# Amphibious car motoring towards history (BBC News)



## SN NewsCaster (Mar 5, 2007)

An amphibious car will make history if it crosses the Irish Sea this weekend.

More from BBC News...


----------



## Gareth Jones (Jul 13, 2007)

The mind boggles the weather forecast is dreadful !


----------



## Coastie (Aug 24, 2005)

Good luck to the man, I think he'll need it.


----------



## Steve Woodward (Sep 4, 2006)

Dont worry coastie - it's a car, if it breaks down on the way you can refer him to the AA (Jester)


----------



## Chris Isaac (Jul 29, 2006)

In the 1960's the wash from Rotherwick Castle overturned an amphicar trying to cross the Straits of Gibraltar.
At the subsequent enquiry the car owner was asked about his observance, or lack thereof, of the Rules of The Road.

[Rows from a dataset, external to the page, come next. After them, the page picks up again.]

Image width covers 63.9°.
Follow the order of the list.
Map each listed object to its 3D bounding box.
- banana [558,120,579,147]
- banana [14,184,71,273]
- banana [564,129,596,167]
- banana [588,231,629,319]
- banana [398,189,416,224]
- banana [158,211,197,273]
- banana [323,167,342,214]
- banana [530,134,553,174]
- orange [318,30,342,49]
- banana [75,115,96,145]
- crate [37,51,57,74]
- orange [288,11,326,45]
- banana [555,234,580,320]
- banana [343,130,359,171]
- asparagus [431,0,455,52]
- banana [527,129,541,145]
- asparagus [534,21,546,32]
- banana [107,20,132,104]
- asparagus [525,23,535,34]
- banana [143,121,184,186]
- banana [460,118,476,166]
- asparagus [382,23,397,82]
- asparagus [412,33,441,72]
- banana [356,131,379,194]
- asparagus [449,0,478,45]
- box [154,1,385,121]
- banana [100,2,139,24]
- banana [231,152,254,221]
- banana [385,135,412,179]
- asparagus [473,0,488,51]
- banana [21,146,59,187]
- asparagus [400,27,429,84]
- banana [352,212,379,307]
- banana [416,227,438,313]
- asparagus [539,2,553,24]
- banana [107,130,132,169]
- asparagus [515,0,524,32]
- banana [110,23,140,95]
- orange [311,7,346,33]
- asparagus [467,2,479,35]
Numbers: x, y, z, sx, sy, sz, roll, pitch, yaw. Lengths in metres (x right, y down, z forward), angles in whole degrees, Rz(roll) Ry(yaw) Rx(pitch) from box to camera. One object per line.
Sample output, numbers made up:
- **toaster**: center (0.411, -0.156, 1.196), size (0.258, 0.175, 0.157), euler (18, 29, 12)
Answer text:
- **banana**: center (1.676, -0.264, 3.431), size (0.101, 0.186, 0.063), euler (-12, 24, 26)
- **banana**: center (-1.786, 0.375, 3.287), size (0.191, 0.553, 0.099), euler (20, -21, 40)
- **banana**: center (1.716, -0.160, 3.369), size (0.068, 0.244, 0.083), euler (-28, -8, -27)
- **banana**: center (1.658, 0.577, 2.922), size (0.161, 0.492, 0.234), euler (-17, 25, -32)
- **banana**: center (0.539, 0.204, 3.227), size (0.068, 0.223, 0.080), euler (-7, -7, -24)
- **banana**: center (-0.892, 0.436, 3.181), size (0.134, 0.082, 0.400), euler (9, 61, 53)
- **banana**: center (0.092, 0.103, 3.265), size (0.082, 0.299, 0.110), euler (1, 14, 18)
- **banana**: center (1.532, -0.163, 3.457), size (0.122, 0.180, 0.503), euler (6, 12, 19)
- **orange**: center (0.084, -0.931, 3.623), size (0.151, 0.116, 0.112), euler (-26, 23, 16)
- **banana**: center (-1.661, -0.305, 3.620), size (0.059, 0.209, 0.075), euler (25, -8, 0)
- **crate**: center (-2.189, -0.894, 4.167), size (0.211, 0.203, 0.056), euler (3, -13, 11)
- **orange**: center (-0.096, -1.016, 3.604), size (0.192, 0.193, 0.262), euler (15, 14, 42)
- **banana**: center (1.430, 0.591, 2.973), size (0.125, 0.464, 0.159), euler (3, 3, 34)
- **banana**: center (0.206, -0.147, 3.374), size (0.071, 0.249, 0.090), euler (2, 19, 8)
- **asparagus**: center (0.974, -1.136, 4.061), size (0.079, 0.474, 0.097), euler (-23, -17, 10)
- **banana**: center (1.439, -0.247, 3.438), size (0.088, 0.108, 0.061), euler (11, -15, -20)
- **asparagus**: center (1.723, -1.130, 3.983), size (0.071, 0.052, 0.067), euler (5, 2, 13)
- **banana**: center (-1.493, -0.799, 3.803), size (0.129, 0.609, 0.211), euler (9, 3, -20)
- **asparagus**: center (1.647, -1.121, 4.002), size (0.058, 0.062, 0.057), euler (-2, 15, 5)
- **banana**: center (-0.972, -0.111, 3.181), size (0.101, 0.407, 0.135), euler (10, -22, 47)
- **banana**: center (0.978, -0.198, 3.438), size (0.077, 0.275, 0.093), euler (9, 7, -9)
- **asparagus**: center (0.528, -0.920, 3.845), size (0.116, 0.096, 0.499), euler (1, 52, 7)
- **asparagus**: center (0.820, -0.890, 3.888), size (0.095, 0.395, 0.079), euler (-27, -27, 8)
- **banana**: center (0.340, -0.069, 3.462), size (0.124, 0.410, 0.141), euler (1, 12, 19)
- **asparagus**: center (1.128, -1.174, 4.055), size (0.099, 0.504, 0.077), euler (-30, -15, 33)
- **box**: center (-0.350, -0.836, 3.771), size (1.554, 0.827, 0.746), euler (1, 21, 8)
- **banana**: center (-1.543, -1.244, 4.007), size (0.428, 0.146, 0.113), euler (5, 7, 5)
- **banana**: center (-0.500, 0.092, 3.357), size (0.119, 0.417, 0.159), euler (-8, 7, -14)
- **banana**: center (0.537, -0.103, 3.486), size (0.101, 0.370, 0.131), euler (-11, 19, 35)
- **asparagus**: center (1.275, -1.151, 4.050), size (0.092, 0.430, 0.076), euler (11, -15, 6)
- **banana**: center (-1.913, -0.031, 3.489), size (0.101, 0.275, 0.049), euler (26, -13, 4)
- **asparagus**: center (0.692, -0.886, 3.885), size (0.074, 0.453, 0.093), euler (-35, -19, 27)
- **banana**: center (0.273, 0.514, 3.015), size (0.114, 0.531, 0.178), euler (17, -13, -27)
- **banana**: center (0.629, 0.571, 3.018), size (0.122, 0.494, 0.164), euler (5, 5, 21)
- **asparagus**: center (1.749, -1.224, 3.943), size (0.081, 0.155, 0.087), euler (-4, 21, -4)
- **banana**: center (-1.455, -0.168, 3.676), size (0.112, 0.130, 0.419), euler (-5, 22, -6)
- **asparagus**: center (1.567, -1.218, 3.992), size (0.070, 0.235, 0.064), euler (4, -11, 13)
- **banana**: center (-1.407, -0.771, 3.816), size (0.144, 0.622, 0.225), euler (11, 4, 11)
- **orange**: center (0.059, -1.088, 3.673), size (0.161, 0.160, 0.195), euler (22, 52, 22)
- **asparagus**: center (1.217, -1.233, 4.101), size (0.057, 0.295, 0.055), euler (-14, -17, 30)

In his defence he stated that he "flashed his lights" and "tooted his horn".
The Rotherwick Castle was cleared of all blame!


----------



## hawkey01 (Mar 15, 2006)

Speechless.

Hawkey01


----------



## hawkey01 (Mar 15, 2006)

I have just looked at the Irish Times and believe it or not they actually made the crossing to Portpatrick. I was completely convinced they were mad and probably they are but they have become the first to achieve this. The up side is that the amphibian was taken back by Stena Line and is now for sale on Ebay to raise money for the Heroes Charity. As we know this is a wonderful charity and worthy of praise from us all for achieving this. From a repentant disbeliever - WELL DONE.

Hawkey01


----------